Cuando hubo terminado la guerra de la Independencia, en 1814, los cadáveres de Daoiz y Velarde fueron exhumados y recibieron el homenaje que sin duda merecían por parte del pueblo al que habían defendido hasta la muerte, el cual se congregó para aclamarles por todos los lugares del territorio nacional por los que fueron peregrinando. Finalmente, fueron depositados en el Monumento a los Héroes del Dos de Mayo, ubicado en la actual plaza del mismo nombre en Madrid, comenzado a construir en 1821 por el escultor Antonio Solá por orden del rey Fernando VII, e inaugurado finamente el 2 de mayo 1840, bajo el reinado de Isabel II.

Las Cortes de Cádiz decretaron que, junto al Alcázar de Segovia, se erigiera un monumento en memoria de los capitanes Daoiz y Velarde, pero hubo que esperar al siglo XX, recién inaugurado el reinado de Alfonso XIII, para que fuera ejecutado el decreto.

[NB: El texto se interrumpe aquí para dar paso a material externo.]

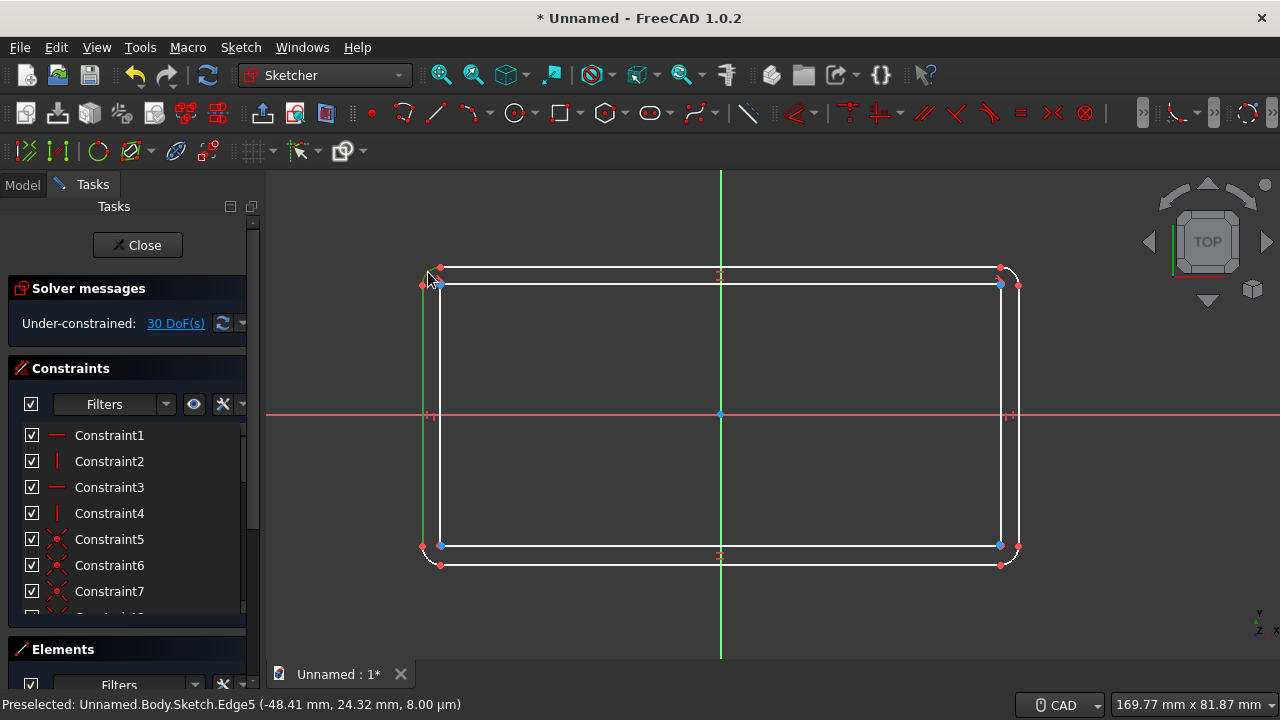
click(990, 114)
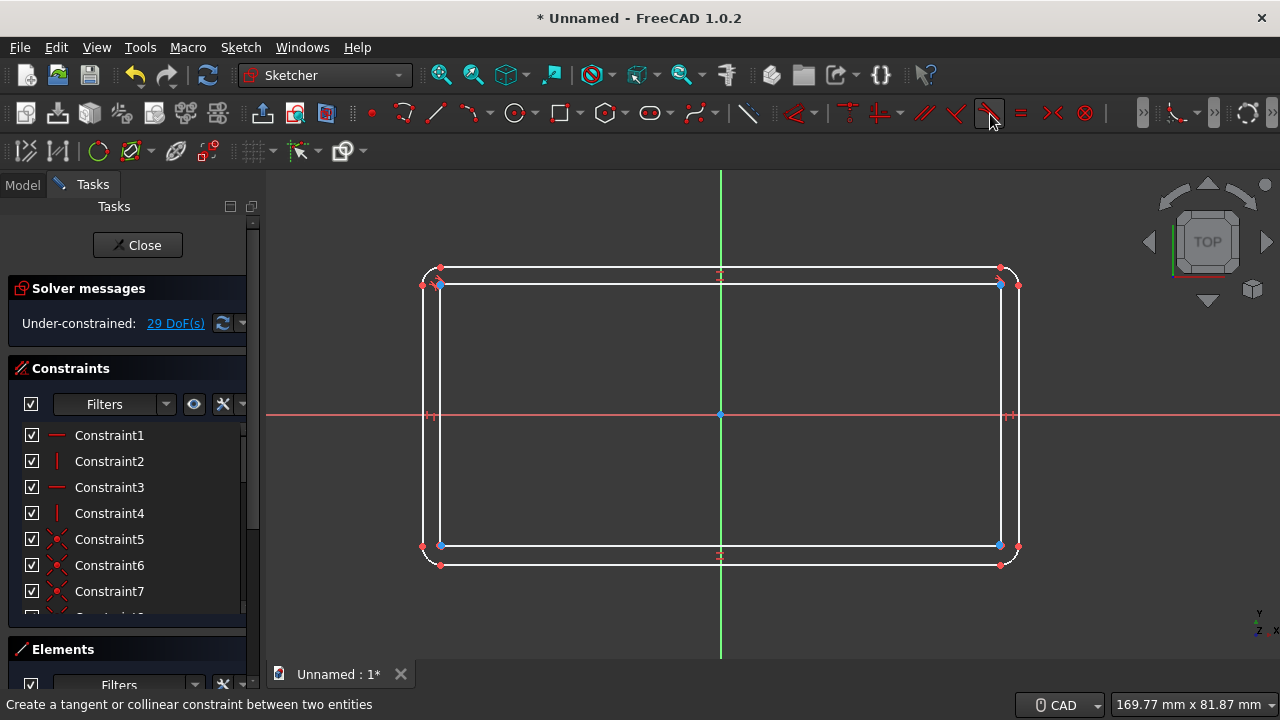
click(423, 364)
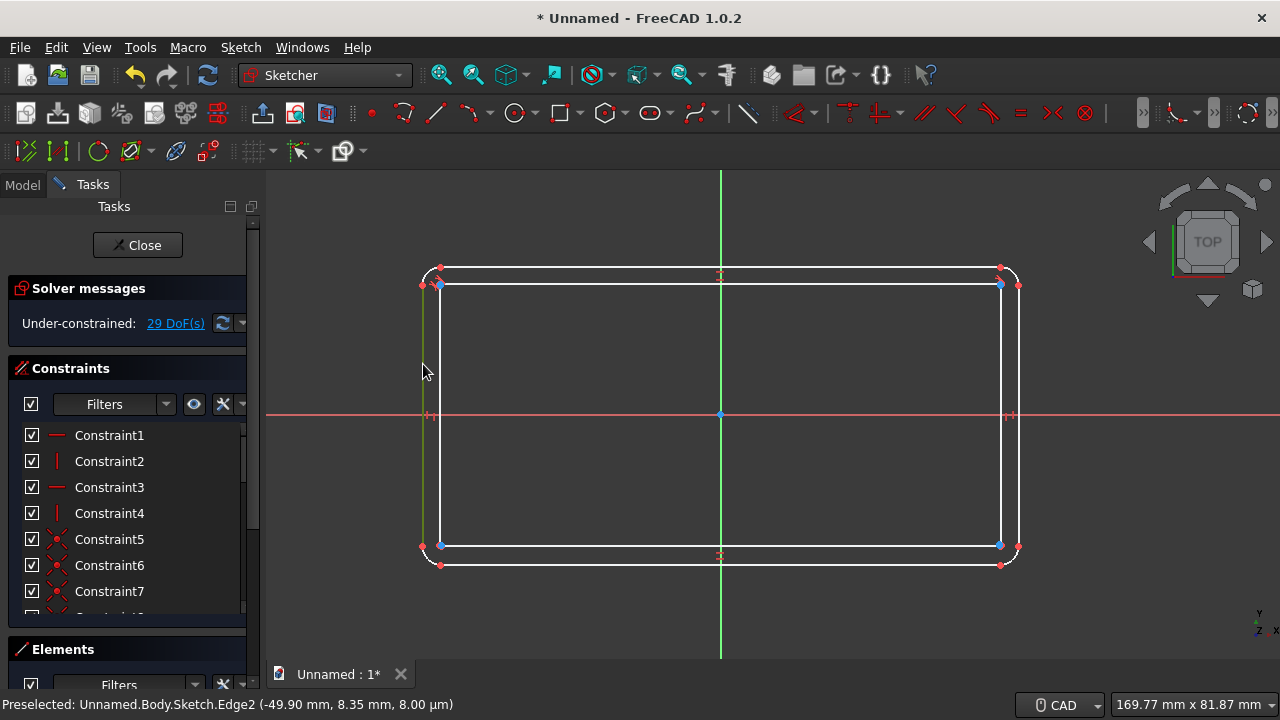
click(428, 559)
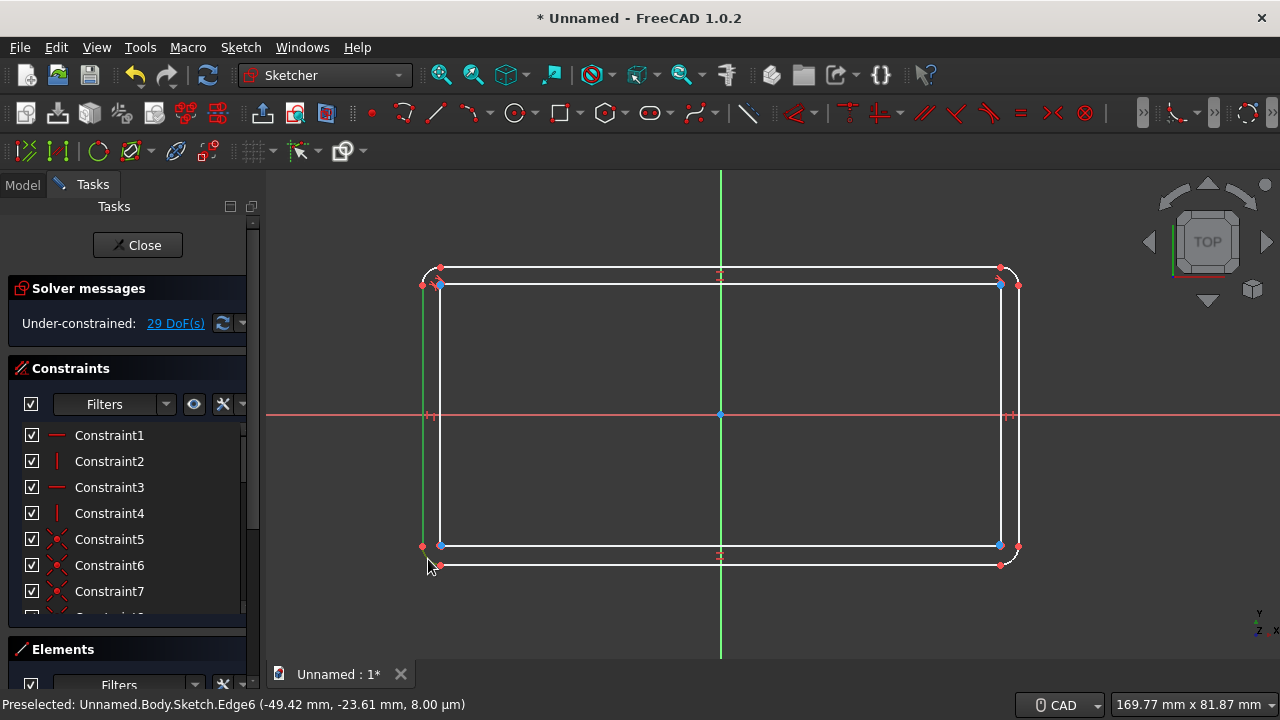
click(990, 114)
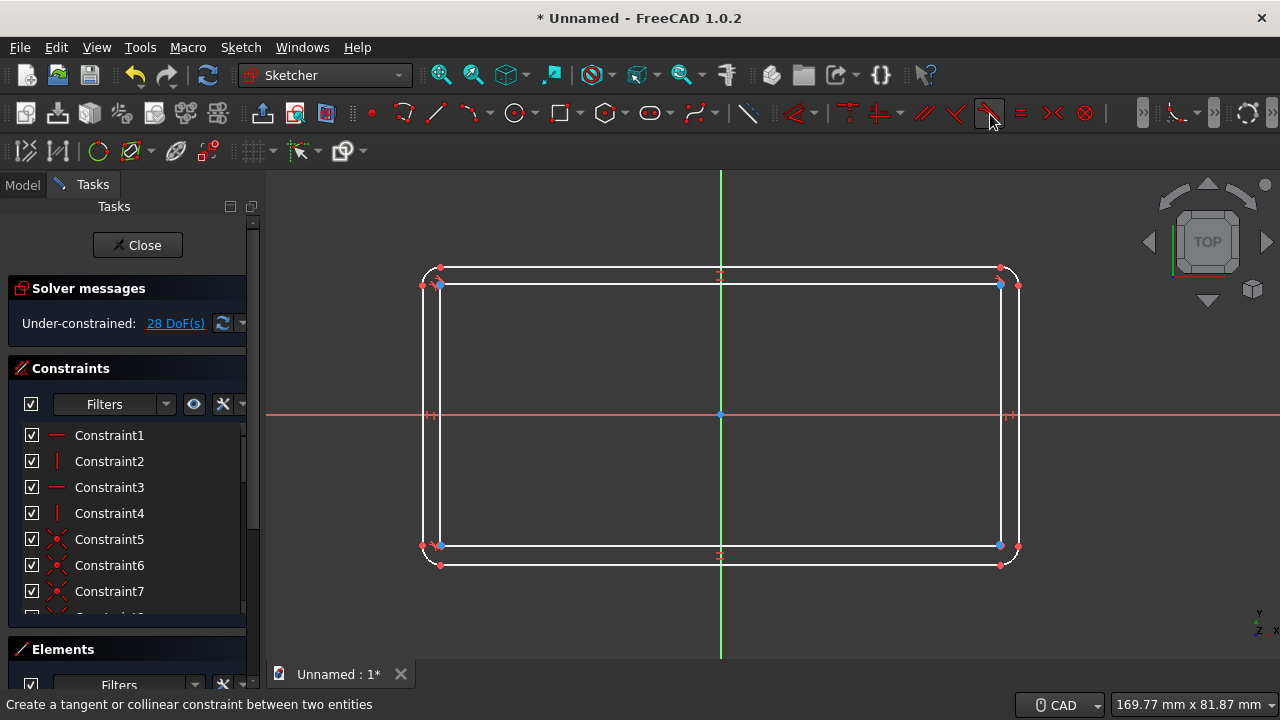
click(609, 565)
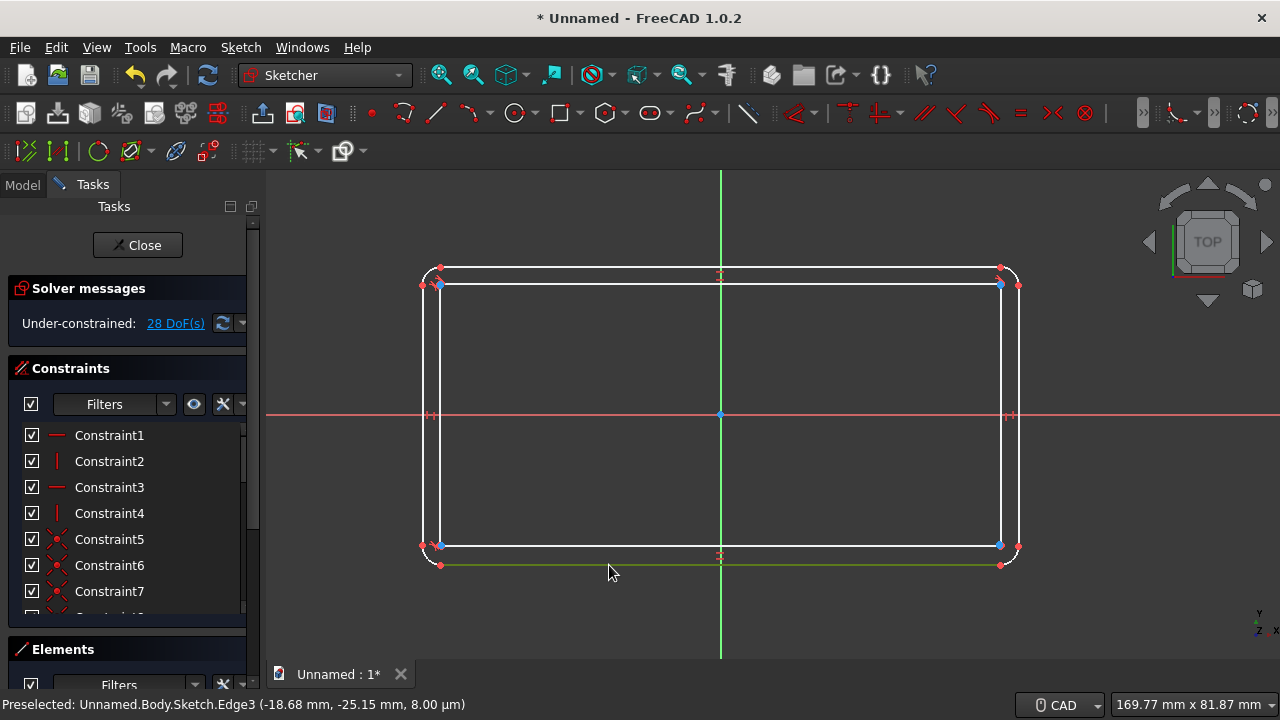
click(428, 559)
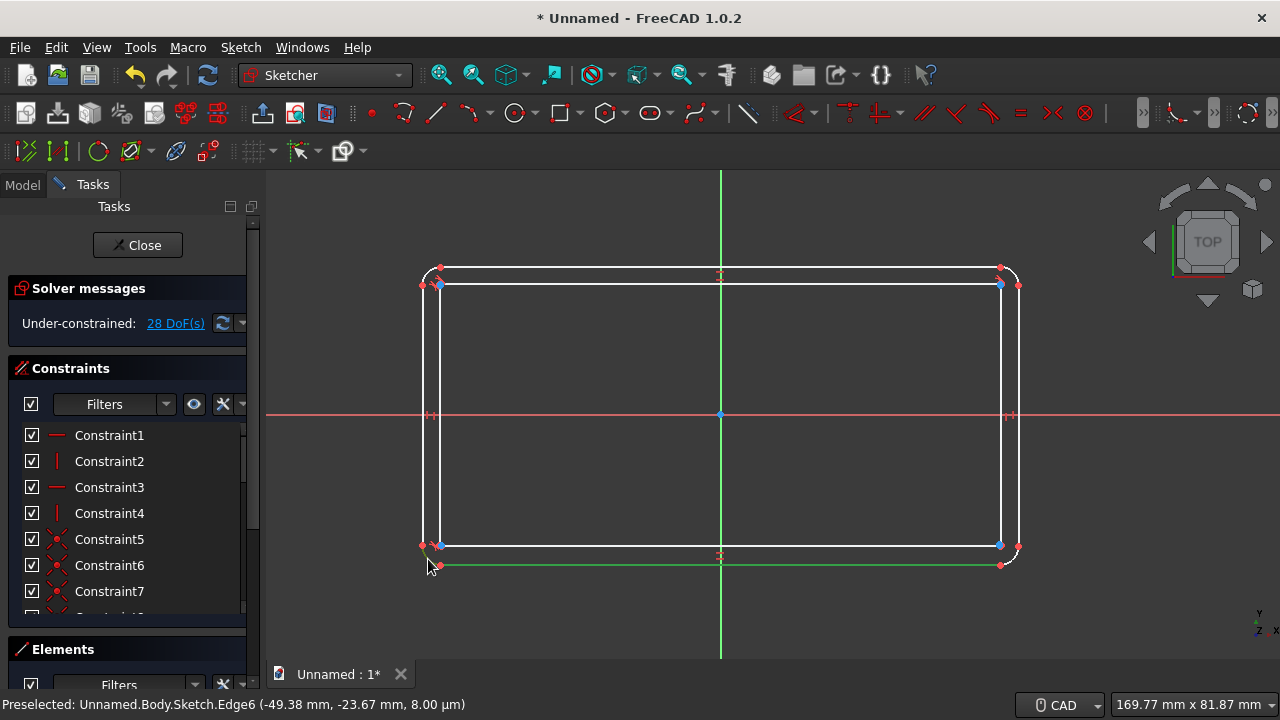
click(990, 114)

Este monumento, situado en la plaza de la reina Victoria Eugenia de la ciudad castellana, fue encargado al escultor Aniceto Marinas con motivo de los actos de conmemoración de la memoria de los dos héroes celebrados en torno al 2 de mayo de 1808. Finalmente, el monumento fue inaugurado el 15 de julio de 1910. En inscripción en un lateral puede leerse: «El capitán D. Luis Daoiz, con su heroica resolución y sacrificio, el 2 de mayo de 1808, en la defensa del Parque de Monteleón, señaló a la patria el camino de su honor e independecia». Y al otro lado: «El capitán D. Pedro Velarde, abrazando el partido más digno de su espíritu y honor, el 2 de mayo de 1808, en la defensa del Parque de Monteleón, dio con su heroísmo gloria a la patria y ejemplo al mundo».